Going back to the first page of the report, increasing any of the two first filters will help refine the map by eliminating listings with lower demand.
You can use the left dial to establish the minimum number of reviews and the right dial for the maximum number of reviews a listing can have.
For instance, you might employ the first case to identify areas with high demand and the latter for areas saturated with listings that struggle to secure bookings.
The next filter(3) adds a new dimension to your analysis by narrowing down listings based on their rating score. Generally, top-performing listings tend to have a high rating score, very close to 5 stars.
The last filter on this page, as previously mentioned, is the parameter used to calculate the number of bookings (4).
To achieve this, we take into account that not all guests will leave a review after their stay. Therefore, this parameter represents the percentage of guests who booked and subsequently left a review.
As an example, if this parameter is 100%, each review corresponds to one booking. On the other hand, if the parameter is 50%, then each review corresponds to two bookings.
So, what value should you assign to this parameter?
According to a post by the CEO of Airbnb Brian Chesky, this parameter is, on average, 72%. Naturally, for top-performing listings, this value tends to be higher, as hosts often actively encourage their guests to leave a review with the maximum rating after their stay.
As shown below, under identical conditions, a higher value of this parameter correlates with lower occupancy rates and revenue.
Below, you can find more details about the variables computed on this page:
The occupancy rate is determined under the premise that the listing is available for rent every day of the year, totaling 365 days. Therefore, this value represents the percentage of days that the listing was booked during the last 12 months. To compute the number of days booked, we employ the number of reviews in the last year, the bookings-to-review parameter, and the average stay, which will be discussed below.
This figure is determined by examining stays that are less than 14 days in length and computing the mean length of stay across all listings on the map.
The choice of a 14-day threshold is rooted in the challenge of distinguishing between guest bookings and host blockings in the calendars, as previously highlighted. While the platform doesn’t explicitly differentiate between these two events, a notable exception arises when an entire month is marked as unavailable. In such cases, it can be reasonably inferred that this indicates a host blocking, especially since local regulations often categorize anything booked for more than 30 days as a non-short-term rental activity.
To maintain a conservative approach, our model considers any calendar unavailability exceeding 14 consecutive days as a host blocking. Consequently, these extended periods are excluded from the calculation to ensure a more accurate representation of guest stays.
It is important to note that when filtering, or highlighting listings on the map, the average stay value will adjust to reflect the average for the specific listings present on the map.

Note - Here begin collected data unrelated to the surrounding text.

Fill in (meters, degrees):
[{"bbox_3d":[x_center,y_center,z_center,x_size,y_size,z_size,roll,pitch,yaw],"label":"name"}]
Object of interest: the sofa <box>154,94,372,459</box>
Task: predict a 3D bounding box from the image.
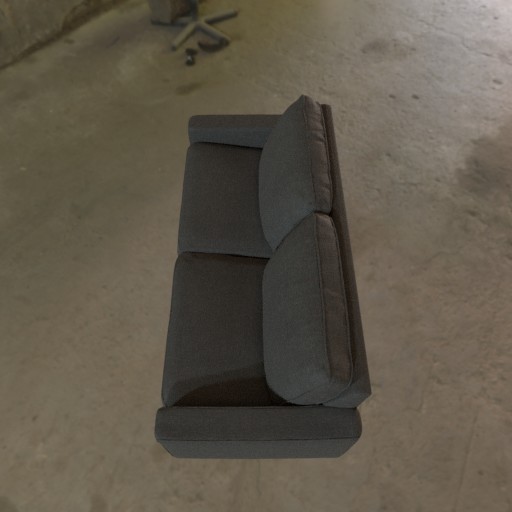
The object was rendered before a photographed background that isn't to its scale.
[{"bbox_3d":[0.000,0.000,2.566,0.940,0.919,2.080,0,58,0],"label":"sofa"}]
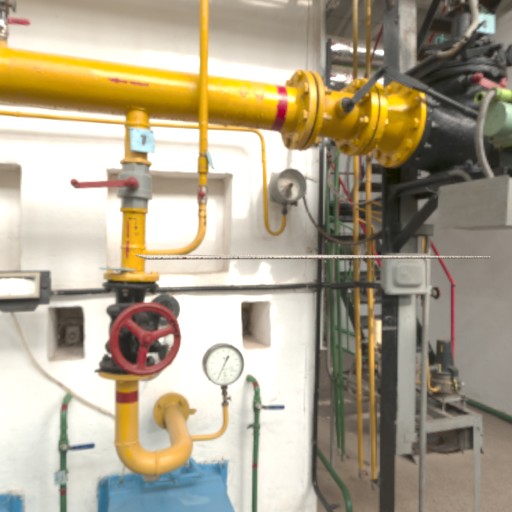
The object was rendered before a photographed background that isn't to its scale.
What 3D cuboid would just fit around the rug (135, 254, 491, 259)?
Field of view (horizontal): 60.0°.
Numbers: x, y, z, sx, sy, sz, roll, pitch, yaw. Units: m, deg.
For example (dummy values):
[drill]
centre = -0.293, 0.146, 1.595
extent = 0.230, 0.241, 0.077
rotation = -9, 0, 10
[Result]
[rug]
centre = 0.000, 0.000, 2.987
extent = 1.549, 0.010, 2.464
rotation = 0, 0, -17
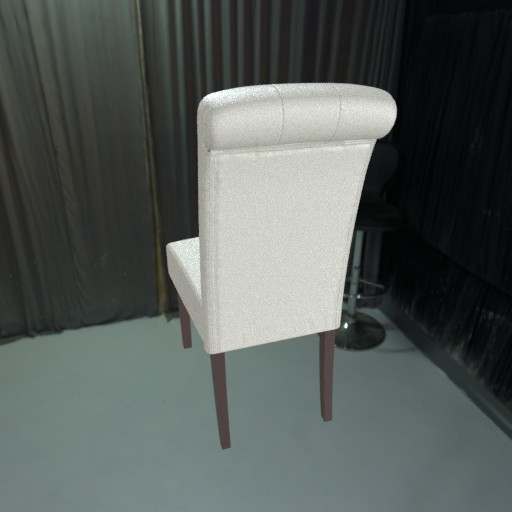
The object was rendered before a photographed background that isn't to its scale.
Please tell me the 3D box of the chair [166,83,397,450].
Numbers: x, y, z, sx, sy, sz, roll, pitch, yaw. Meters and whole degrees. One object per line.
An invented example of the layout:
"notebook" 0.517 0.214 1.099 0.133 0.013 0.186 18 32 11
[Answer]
"chair" 0.000 0.000 1.332 0.456 1.006 0.671 -8 27 -17
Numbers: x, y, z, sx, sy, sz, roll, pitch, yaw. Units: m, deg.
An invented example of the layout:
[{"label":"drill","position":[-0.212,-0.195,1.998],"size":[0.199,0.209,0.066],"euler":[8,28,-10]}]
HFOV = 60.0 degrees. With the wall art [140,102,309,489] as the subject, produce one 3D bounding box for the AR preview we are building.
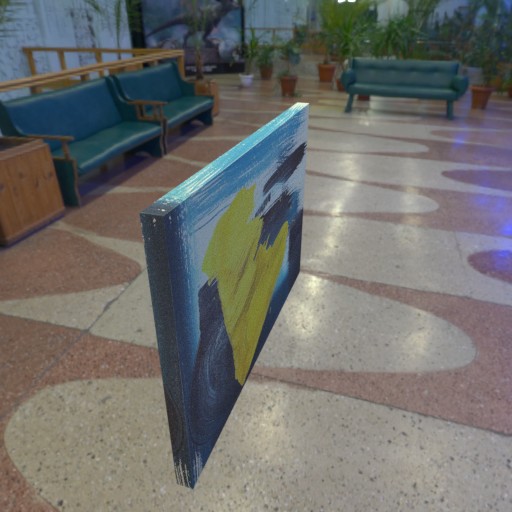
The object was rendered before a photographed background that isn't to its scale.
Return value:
[{"label":"wall art","position":[0.000,0.000,1.145],"size":[0.039,0.610,0.914],"euler":[9,30,16]}]
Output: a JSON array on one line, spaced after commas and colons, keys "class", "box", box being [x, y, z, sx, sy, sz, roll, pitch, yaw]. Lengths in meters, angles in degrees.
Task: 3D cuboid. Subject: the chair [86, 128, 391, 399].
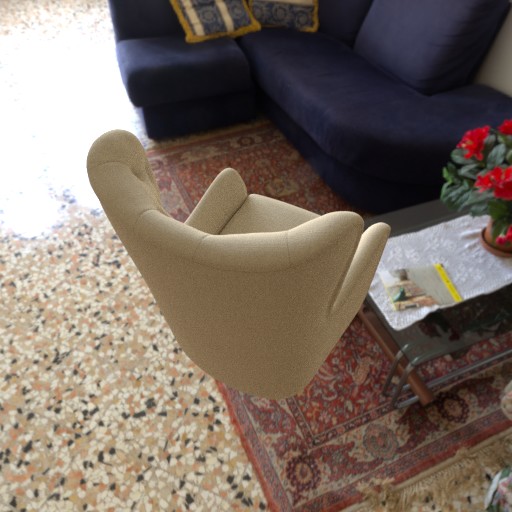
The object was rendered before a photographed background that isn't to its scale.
[{"class": "chair", "box": [0.000, 0.000, 1.730, 0.831, 1.079, 0.929, 24, 51, 21]}]
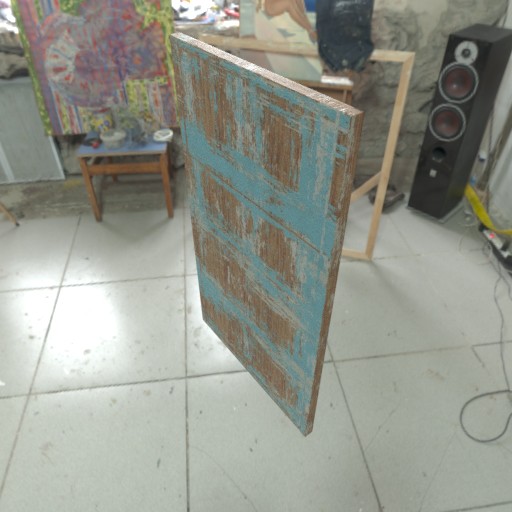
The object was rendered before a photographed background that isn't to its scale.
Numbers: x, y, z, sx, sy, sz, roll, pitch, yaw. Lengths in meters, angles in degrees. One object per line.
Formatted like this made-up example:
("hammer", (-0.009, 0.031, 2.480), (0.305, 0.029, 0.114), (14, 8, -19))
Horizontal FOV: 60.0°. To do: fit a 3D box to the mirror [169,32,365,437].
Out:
("mirror", (0.000, 0.000, 1.457), (0.083, 1.213, 0.707), (-26, 47, -27))
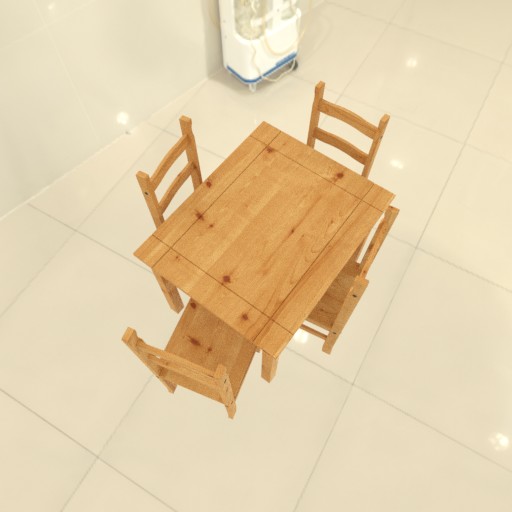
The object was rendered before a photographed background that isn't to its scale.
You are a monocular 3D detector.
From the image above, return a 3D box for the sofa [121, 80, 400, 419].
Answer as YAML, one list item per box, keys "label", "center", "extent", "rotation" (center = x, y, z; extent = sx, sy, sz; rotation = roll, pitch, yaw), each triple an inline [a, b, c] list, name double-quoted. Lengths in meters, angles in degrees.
- label: "sofa"
  center: [0.000, 0.000, 2.285]
  extent: [1.144, 1.000, 1.529]
  rotation: [34, 68, 16]
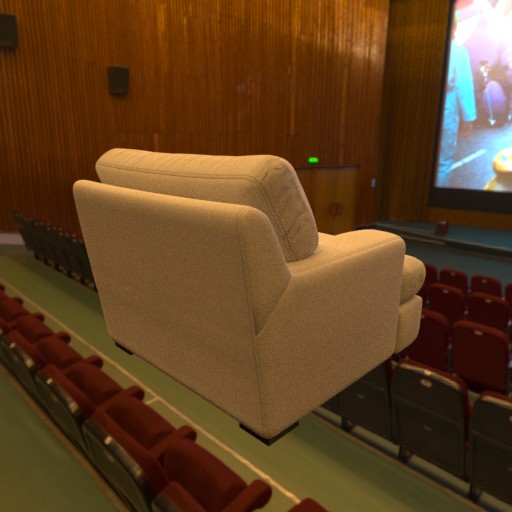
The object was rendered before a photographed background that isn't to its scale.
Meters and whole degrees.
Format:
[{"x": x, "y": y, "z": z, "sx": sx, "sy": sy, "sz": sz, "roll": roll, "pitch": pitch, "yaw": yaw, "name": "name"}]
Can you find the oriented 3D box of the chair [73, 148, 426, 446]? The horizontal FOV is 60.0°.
[{"x": 0.000, "y": 0.000, "z": 1.974, "sx": 1.140, "sy": 0.930, "sz": 1.158, "roll": 15, "pitch": 21, "yaw": 43, "name": "chair"}]
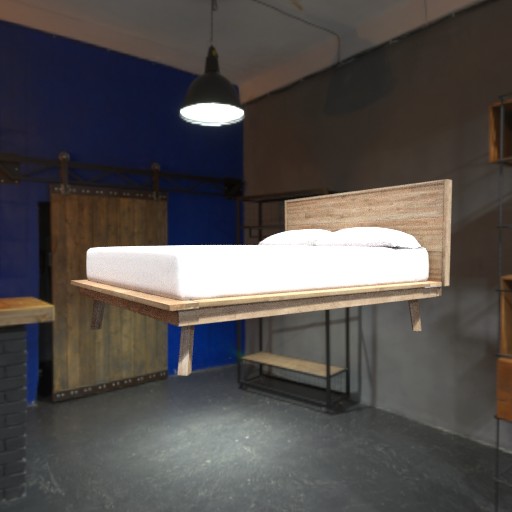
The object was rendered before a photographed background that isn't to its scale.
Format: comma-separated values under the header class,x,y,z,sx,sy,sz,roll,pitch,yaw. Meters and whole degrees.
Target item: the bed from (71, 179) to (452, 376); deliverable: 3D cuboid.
class,x,y,z,sx,sy,sz,roll,pitch,yaw
bed,0.000,0.000,3.209,2.145,1.071,1.759,-1,2,-36
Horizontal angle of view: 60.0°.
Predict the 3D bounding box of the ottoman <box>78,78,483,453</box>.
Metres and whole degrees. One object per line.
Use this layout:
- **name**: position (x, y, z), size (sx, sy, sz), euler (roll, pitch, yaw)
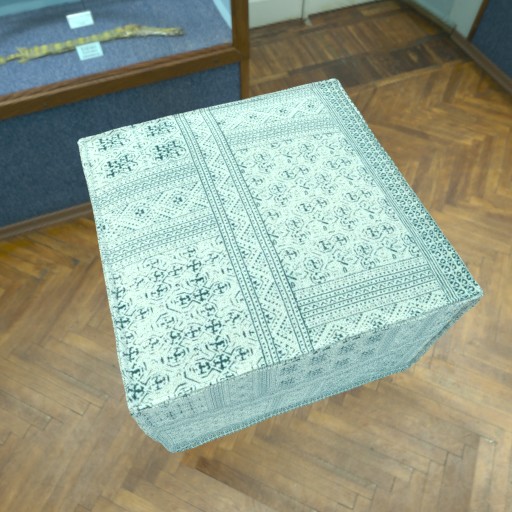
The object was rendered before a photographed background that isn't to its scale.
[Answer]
- **ottoman**: position (0.000, 0.000, 1.008), size (0.617, 0.439, 0.626), euler (-16, 60, -10)
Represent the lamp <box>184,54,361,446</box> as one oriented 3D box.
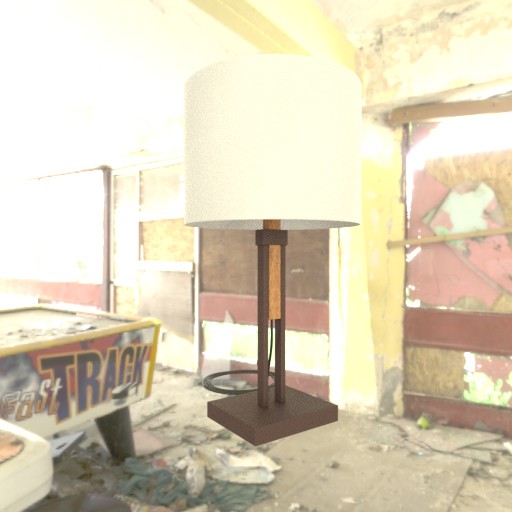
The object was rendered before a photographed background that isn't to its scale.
[{"bbox_3d":[0.000,0.000,0.988,0.396,0.668,0.525,0,1,-35],"label":"lamp"}]
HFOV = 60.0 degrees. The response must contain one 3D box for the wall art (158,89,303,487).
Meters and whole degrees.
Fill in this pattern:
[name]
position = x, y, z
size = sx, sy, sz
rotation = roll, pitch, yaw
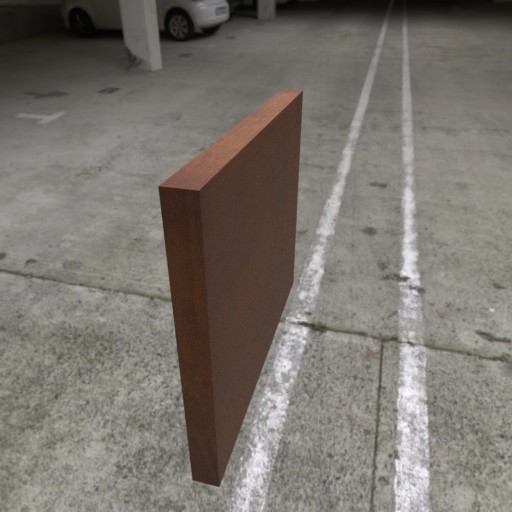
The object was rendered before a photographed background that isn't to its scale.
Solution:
[wall art]
position = 0.000, 0.000, 0.550
size = 0.030, 0.328, 0.401
rotation = 8, 31, 13
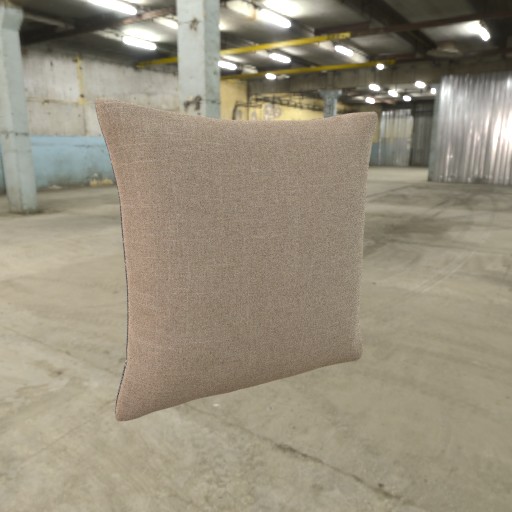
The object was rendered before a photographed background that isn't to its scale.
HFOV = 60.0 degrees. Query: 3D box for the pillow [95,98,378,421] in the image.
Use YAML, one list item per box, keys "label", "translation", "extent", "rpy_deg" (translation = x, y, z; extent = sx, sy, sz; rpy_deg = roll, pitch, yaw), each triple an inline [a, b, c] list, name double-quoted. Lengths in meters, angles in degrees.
- label: "pillow"
  translation: [0.000, 0.000, 0.663]
  extent: [0.435, 0.428, 0.148]
  rpy_deg: [-7, 14, -27]
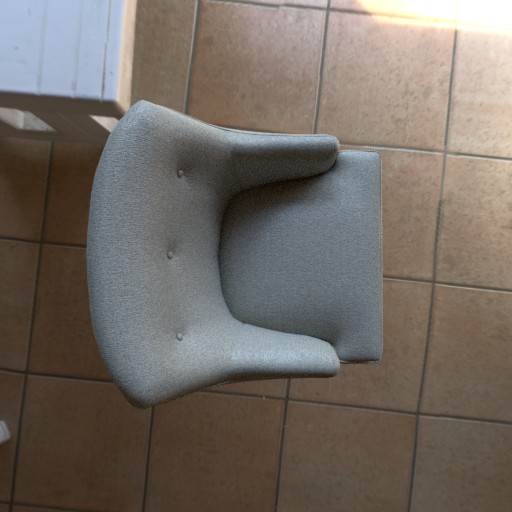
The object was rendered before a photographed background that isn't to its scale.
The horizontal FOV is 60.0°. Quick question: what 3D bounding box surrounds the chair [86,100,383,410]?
[{"bbox_3d":[0.000,0.000,1.590,0.923,0.856,0.864,0,89,0],"label":"chair"}]
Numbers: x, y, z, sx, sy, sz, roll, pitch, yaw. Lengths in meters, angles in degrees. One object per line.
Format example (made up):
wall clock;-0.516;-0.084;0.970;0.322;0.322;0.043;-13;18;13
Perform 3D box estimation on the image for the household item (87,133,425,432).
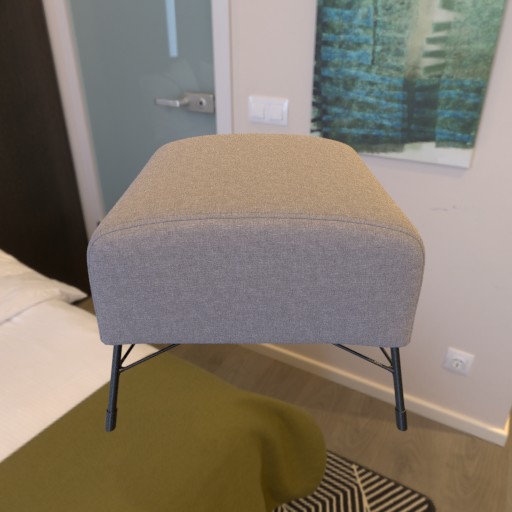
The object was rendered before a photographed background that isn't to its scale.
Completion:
household item;0.000;0.000;0.909;0.530;0.410;0.530;0;28;0
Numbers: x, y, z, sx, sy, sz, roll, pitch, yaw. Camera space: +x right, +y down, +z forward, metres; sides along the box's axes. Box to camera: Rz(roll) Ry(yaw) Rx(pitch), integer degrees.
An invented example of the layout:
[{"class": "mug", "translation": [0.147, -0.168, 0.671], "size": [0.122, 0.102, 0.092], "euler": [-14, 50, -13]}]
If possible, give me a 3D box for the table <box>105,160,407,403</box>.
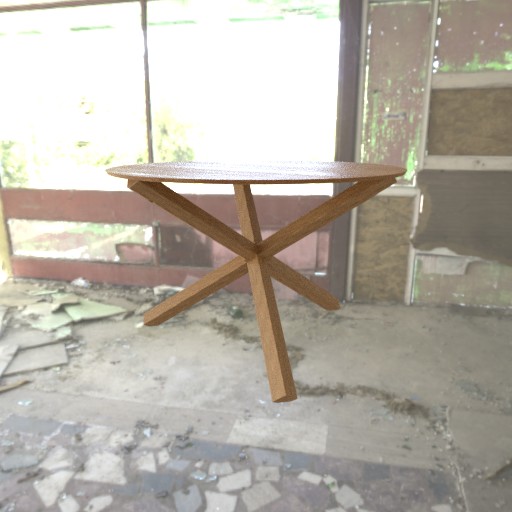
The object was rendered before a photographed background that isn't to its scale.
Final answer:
[{"class": "table", "translation": [0.000, 0.000, 1.685], "size": [1.038, 0.666, 1.038], "euler": [0, 15, 0]}]
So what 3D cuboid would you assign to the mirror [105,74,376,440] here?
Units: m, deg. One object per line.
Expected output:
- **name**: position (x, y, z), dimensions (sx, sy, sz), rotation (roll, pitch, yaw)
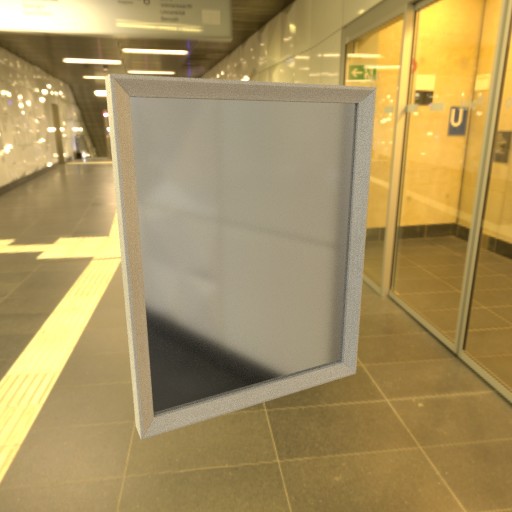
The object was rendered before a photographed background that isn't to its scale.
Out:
- **mirror**: position (0.000, 0.000, 0.696), dimensions (0.406, 0.509, 0.041), rotation (-8, 18, -26)
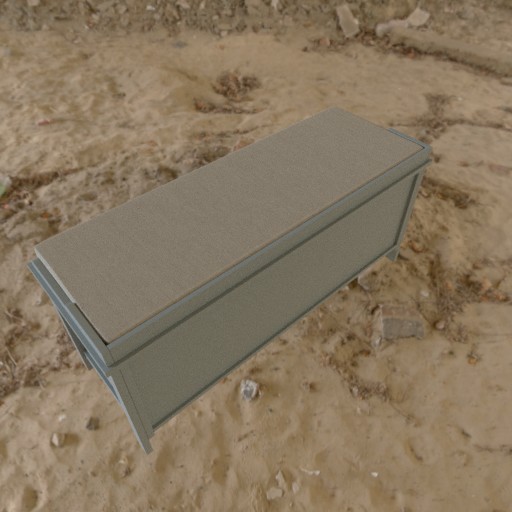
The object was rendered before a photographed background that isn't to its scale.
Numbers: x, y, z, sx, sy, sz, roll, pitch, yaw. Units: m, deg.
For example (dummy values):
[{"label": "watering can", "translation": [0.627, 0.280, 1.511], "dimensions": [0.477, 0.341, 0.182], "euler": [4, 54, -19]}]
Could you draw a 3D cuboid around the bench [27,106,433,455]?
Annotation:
[{"label": "bench", "translation": [0.000, 0.000, 1.384], "dimensions": [1.140, 0.501, 0.398], "euler": [-32, 53, -28]}]
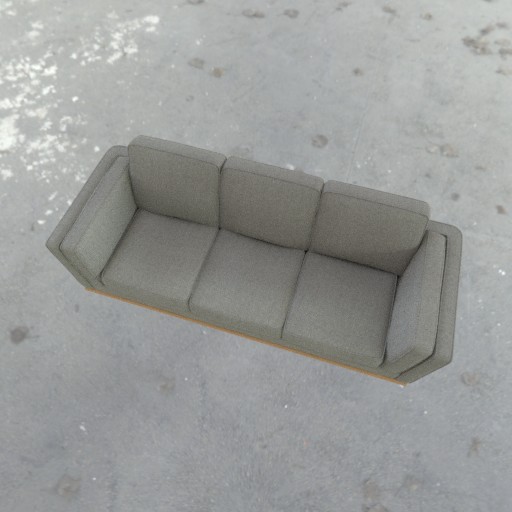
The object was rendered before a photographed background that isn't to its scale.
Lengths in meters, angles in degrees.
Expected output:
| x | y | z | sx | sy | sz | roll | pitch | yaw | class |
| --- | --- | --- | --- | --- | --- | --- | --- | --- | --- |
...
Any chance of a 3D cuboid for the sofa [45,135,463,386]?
| x | y | z | sx | sy | sz | roll | pitch | yaw | class |
| --- | --- | --- | --- | --- | --- | --- | --- | --- | --- |
| 0.000 | 0.000 | 2.826 | 2.362 | 0.899 | 0.903 | 15 | 60 | 9 | sofa |

A brief note on the multiselection tool (also called lasso tool):
If you want to analyze a specific area on the map, you can use this tool to highlight listings on the map. All the charts on that page of the report will then display data specific to the selected listings on the map (dark blue). Below, you can find out how to use the multi selection tool.
The average daily rate is determined through the following process:
To obtain this value, the algorithm uses the bookings to reviews parameter in conjunction with the total number of reviews for each listing in the last 12 months. Finally, the algorithm computes the average number of bookings across all the listings selected on the map.
Therefore, by using the multiselection tool in conjunction with the reviews filter, you can analyze the number of annual bookings of the top performing listings within a specific area in your city of interest.
The primary objective of this page is to deep dive into the details of short-term rental listings within a specific neighborhood of your chosen city.
Through the use of the multiselection tool, the charts on the right half of the screen will showcase data tailored to the highlighted listings.
Important notes:
Another feature of this report is the capability to filter listings on the map using the visuals on the charts. For instance, clicking on the 3 bedrooms bar of the “Listings by Bedrooms” chart will exclude any listings on the map that do not have 3 bedrooms. You can add multiple filters by pressing Ctrl + left click on subsequent charts, as shown in the video below:
To remove the filters from the page, simply click on a blank space within any of the charts that you have selected.
It’s important to note that the filters applied on this page of the report by using the charts will not be carried over to other pages. For a better control over the filters in your report, you can navigate to the master filter page of the report and select the filters you wish to apply, as shown below.
Please note that the filters on the Master Filter Page will be applied to all pages of the report.
Returning to the market overview page, below, you will find additional information about the charts displayed on this page.
This chart illustrates the number of listings on the vertical axis and the number of bedrooms on the horizontal axis.
Similar to the previous chart, this one pertains to the number of bathrooms. You may observe listings with 0.5 bathrooms, indicating a configuration where the bathroom consists of just a toilet and a sink.
This visual showcases the capacity of the unit in terms of the number of guests it can accommodate.
The vertical axis of this chart represents price ranges in intervals of 25 units of the currency used in the report. The horizontal axis depicts the number of listings with an average daily rate falling within each price range, as a percentage. Hovering over a bar in this visual will reveal a tooltip indicating the number of listings within that specific price range.
In the case of multiselecting listings on the map, the horizontal axis will display the highlighted listings in dark blue, illustrating their proportion to the total listings within that price range in the municipality.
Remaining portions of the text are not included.